** Data excerpts follows **

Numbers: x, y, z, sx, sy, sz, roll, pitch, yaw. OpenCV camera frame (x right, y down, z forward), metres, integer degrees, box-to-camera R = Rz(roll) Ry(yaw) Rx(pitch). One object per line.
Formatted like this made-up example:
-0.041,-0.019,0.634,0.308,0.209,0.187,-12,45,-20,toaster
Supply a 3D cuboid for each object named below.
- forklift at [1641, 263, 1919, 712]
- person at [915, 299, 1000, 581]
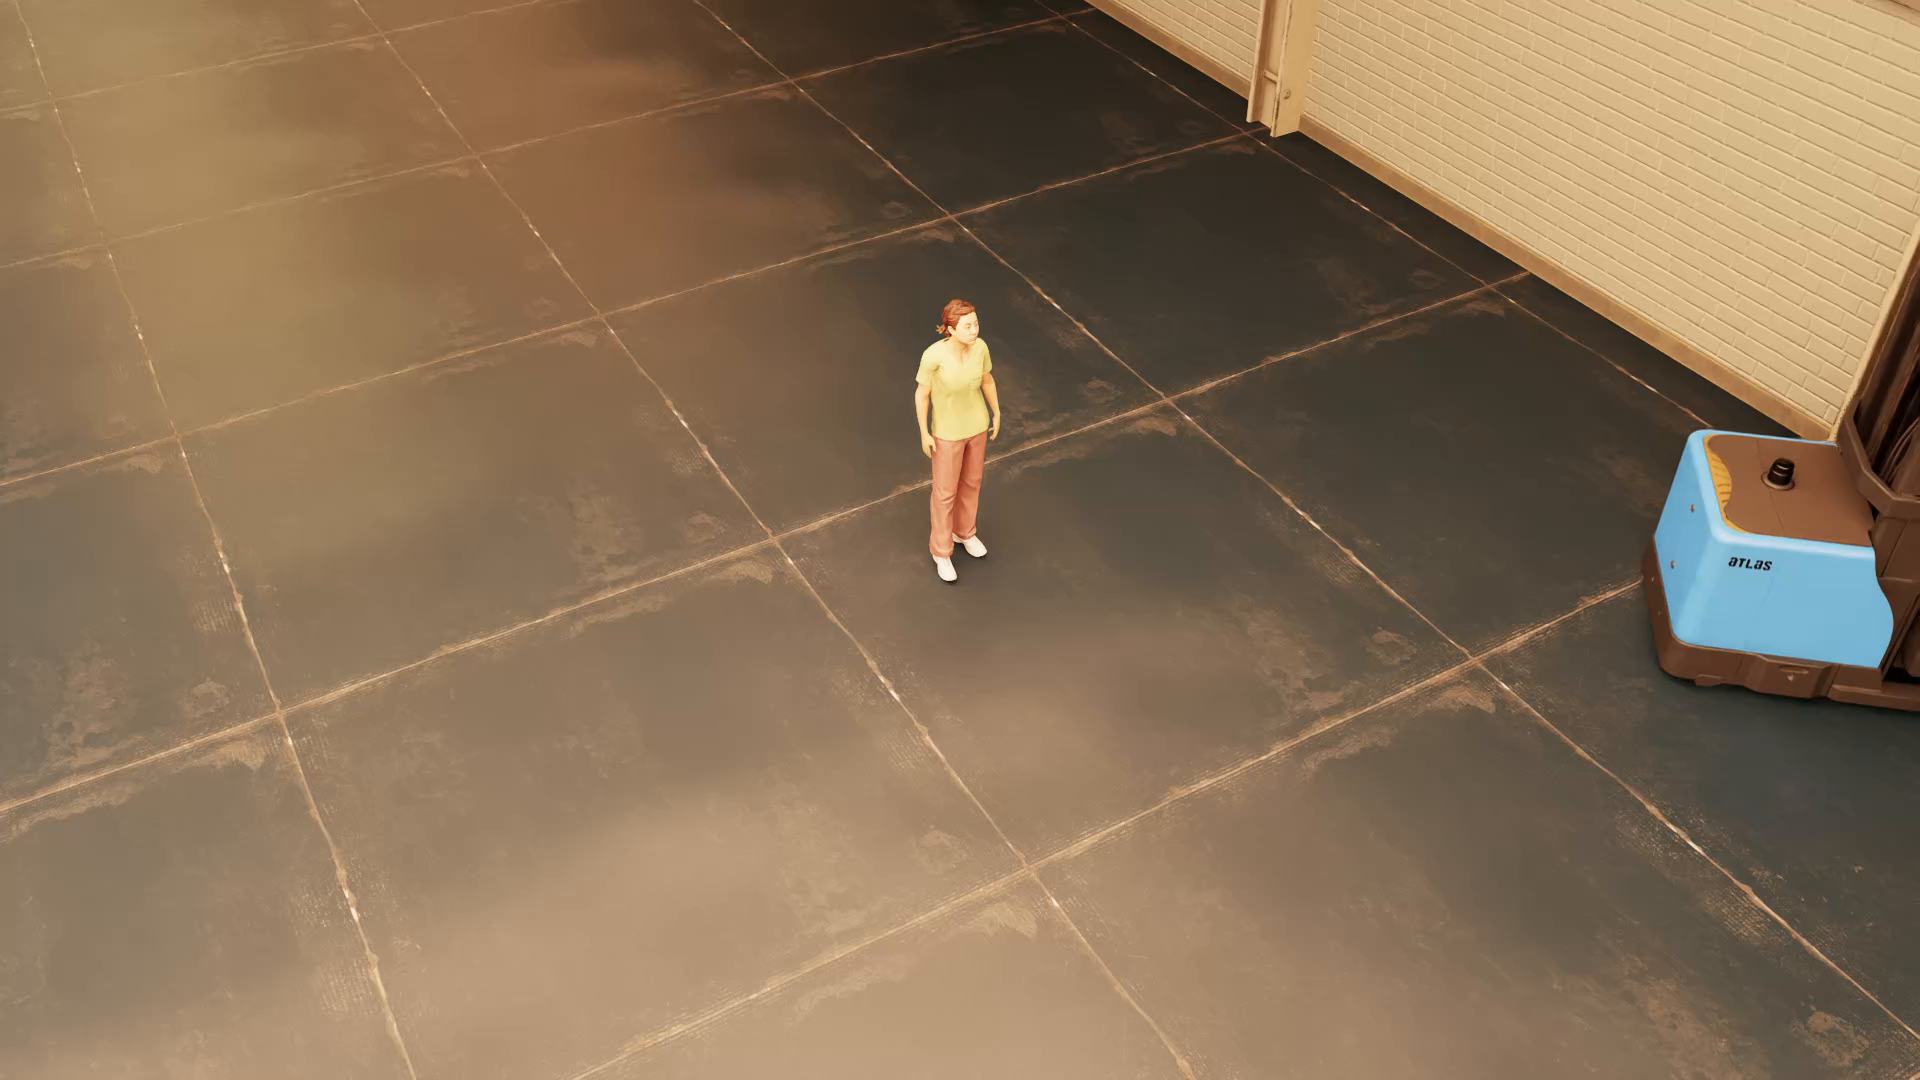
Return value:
5.513,-0.459,8.589,3.031,2.935,1.130,7,40,8,forklift
0.027,-0.606,9.739,0.553,1.675,0.549,-20,44,-23,person

** End of Data excerpts **

◆ **Activity**: In the lines above, spot each one that contains the word "object" and copy it.

◆ **Written answer**:
Numbers: x, y, z, sx, sy, sz, roll, pitch, yaw. OpenCV camera frame (x right, y down, z forward), metres, integer degrees, box-to-camera R = Rz(roll) Ry(yaw) Rx(pitch). One object per line.
Supply a 3D cuboid for each object named below.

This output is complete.